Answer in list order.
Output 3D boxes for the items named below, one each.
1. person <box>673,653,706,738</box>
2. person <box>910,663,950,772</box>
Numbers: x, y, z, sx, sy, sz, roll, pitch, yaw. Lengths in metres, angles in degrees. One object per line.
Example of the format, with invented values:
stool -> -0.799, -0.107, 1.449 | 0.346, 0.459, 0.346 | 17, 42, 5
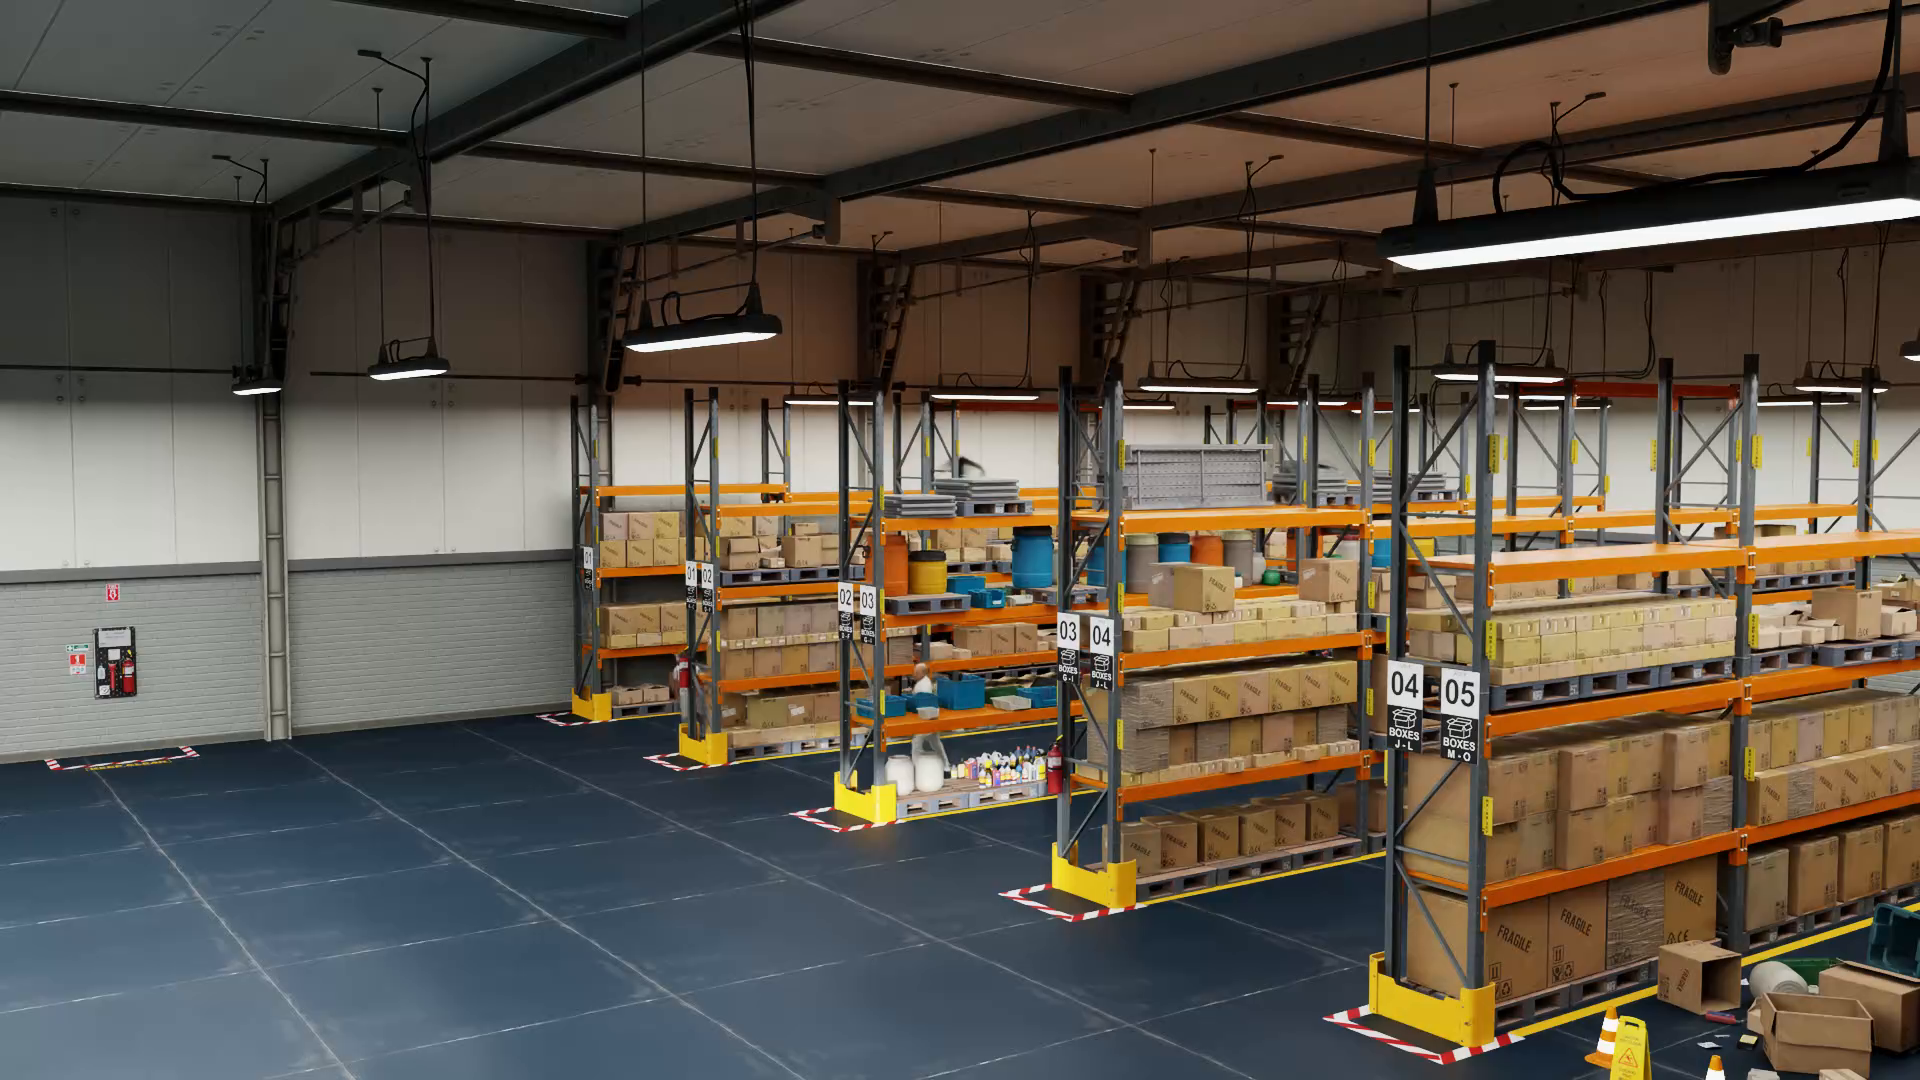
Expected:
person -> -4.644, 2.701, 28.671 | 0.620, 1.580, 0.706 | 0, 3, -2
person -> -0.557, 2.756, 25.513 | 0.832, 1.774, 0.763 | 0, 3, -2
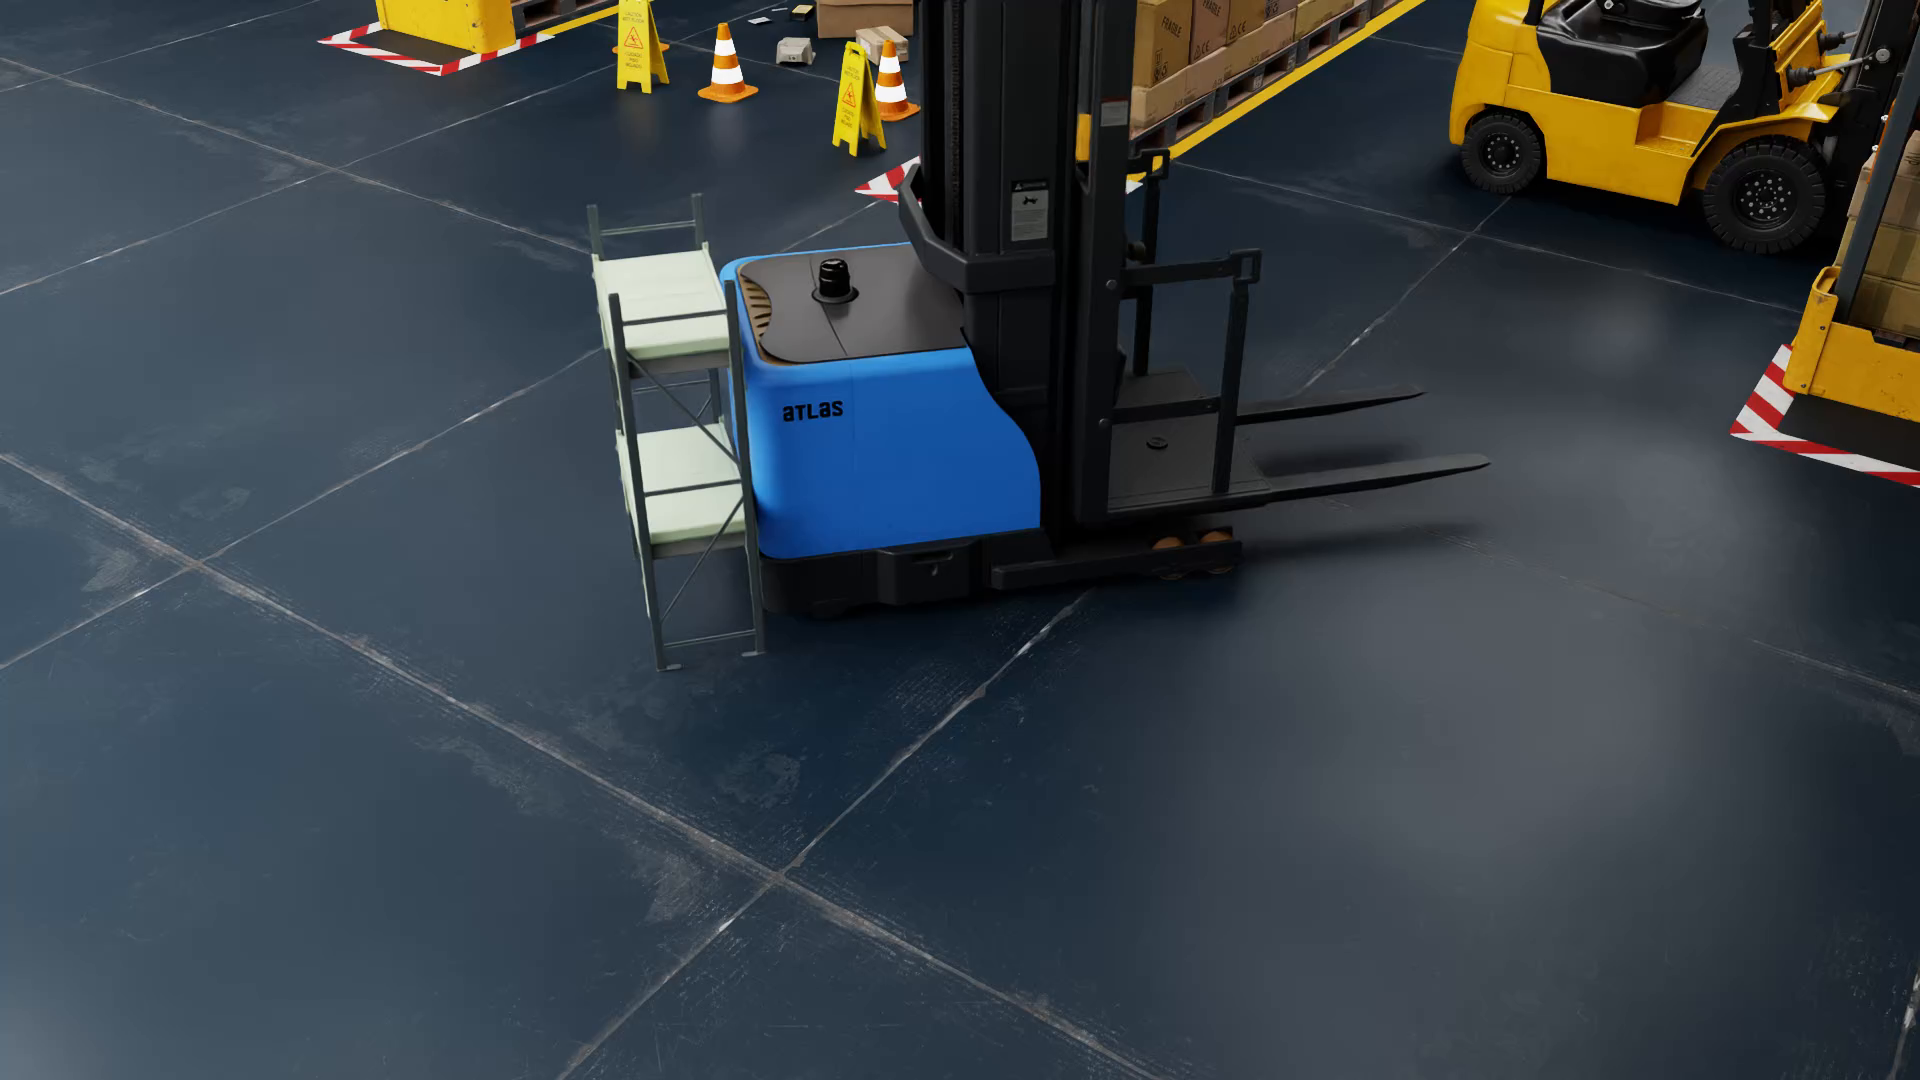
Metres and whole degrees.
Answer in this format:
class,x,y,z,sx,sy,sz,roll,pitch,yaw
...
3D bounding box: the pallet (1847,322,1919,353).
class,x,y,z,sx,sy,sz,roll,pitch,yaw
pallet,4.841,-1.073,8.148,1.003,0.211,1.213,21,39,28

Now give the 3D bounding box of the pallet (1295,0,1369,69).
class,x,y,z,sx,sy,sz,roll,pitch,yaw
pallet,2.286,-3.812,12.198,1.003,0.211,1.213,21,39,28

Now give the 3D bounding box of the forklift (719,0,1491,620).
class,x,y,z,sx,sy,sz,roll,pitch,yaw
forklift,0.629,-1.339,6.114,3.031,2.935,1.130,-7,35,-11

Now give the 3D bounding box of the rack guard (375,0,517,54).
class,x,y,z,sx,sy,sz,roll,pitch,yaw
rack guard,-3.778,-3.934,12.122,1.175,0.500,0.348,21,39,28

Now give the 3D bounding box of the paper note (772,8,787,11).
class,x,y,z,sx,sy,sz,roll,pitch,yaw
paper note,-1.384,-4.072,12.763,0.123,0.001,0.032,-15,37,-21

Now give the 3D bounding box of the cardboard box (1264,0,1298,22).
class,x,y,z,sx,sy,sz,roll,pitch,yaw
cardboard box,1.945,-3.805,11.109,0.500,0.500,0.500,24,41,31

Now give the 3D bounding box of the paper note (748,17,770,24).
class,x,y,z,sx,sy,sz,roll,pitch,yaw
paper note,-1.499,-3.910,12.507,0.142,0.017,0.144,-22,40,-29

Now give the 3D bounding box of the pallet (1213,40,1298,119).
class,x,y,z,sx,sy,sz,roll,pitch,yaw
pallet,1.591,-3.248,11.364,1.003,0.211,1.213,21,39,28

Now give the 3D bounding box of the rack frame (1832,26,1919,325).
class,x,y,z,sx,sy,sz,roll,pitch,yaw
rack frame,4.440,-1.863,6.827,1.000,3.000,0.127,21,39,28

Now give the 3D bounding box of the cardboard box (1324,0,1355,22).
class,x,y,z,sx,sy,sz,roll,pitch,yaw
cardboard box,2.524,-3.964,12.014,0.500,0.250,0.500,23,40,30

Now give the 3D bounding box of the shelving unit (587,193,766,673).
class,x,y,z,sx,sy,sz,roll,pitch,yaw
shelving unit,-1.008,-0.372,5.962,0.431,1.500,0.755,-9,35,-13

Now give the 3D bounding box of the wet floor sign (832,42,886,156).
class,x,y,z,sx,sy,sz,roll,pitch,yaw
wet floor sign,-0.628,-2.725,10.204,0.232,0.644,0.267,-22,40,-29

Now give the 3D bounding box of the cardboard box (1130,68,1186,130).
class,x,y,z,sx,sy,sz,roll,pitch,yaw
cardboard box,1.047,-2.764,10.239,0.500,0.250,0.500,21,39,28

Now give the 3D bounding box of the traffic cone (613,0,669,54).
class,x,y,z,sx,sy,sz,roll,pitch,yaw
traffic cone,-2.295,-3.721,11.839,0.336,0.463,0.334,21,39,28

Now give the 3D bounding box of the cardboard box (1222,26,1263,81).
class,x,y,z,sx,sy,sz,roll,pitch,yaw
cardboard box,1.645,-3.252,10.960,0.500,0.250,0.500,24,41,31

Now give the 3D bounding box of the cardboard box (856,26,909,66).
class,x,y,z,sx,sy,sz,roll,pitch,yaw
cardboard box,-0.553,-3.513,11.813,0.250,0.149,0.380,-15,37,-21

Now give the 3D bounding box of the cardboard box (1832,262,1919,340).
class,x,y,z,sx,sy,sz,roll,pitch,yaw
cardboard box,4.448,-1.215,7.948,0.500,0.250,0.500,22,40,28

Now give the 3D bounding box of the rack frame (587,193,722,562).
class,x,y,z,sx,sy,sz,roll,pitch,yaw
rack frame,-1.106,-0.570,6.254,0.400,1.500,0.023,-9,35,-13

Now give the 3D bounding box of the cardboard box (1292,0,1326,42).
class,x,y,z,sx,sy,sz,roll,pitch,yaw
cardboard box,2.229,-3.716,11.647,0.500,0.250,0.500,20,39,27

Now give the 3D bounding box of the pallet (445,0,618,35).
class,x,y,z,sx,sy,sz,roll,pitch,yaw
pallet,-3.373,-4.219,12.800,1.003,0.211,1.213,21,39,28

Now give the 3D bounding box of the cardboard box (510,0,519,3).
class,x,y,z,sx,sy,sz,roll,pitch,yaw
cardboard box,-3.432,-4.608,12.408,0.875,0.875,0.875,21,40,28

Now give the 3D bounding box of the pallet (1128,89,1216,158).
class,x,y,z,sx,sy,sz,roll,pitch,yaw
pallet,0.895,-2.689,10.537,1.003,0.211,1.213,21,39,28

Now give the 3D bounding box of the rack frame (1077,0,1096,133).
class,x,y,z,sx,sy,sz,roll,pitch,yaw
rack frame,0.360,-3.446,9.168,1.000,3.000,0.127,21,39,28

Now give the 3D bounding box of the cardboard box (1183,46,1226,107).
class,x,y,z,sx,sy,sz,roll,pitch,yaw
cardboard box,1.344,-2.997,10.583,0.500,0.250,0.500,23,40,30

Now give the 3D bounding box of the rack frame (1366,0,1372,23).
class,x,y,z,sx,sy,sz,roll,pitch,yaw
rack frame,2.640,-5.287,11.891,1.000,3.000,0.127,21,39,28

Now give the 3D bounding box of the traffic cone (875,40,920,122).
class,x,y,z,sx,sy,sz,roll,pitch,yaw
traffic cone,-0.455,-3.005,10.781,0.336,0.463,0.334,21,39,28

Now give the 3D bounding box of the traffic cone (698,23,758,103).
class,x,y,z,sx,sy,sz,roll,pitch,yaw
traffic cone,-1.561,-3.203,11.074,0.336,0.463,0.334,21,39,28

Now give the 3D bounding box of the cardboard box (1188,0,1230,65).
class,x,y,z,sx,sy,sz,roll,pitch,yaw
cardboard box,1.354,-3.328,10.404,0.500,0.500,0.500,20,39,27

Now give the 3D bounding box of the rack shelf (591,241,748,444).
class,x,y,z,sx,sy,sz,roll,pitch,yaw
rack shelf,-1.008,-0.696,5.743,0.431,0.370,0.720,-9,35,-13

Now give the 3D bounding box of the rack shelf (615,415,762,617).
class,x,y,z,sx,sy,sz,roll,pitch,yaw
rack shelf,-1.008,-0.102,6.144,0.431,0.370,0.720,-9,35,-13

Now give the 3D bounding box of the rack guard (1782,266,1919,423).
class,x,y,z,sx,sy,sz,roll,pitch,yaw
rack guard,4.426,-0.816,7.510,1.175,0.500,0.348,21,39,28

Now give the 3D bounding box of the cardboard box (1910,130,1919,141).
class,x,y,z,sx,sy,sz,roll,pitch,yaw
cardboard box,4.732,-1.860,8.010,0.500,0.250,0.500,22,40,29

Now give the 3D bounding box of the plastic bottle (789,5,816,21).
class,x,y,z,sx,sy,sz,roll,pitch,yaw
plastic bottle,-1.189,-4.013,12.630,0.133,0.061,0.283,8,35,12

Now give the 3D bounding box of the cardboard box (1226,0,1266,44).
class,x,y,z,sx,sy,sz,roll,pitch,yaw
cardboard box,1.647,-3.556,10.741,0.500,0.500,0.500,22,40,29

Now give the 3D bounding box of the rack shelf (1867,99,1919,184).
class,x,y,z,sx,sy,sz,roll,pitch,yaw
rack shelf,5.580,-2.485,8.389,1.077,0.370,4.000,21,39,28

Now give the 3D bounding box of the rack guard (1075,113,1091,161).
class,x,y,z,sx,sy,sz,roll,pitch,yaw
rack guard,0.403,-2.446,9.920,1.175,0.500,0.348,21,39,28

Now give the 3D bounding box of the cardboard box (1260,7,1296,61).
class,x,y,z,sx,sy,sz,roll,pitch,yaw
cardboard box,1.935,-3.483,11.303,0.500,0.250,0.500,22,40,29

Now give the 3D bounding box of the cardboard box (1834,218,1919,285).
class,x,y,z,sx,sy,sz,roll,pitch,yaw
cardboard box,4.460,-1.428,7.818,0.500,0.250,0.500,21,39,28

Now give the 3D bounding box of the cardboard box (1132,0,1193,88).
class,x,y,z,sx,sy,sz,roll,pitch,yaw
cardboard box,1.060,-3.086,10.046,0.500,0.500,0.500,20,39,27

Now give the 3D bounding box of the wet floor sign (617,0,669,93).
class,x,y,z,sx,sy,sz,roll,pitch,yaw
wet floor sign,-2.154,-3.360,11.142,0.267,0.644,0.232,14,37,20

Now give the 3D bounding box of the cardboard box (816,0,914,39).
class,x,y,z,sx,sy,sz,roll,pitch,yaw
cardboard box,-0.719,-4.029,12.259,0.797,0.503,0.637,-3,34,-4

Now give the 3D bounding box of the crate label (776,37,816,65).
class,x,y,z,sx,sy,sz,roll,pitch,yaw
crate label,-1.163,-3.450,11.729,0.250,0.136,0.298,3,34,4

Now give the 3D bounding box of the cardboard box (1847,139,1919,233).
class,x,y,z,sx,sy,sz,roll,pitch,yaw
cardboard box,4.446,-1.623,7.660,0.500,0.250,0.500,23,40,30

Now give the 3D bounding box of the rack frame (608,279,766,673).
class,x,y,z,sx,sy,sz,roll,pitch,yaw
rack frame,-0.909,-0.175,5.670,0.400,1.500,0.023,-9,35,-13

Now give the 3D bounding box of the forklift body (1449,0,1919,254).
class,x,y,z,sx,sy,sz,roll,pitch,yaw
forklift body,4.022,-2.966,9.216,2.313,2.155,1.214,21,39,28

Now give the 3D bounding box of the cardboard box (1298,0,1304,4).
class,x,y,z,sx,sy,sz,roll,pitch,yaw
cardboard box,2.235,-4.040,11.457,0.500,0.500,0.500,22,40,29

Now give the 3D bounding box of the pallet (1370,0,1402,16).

Exercise brief: Return every line of the material in which the word "degrees" is found.

Answer space:
Numbers: x, y, z, sx, sy, sz, roll, pitch, yaw. Lengths in metres, angles in degrees. One object per line.
Metres and whole degrees.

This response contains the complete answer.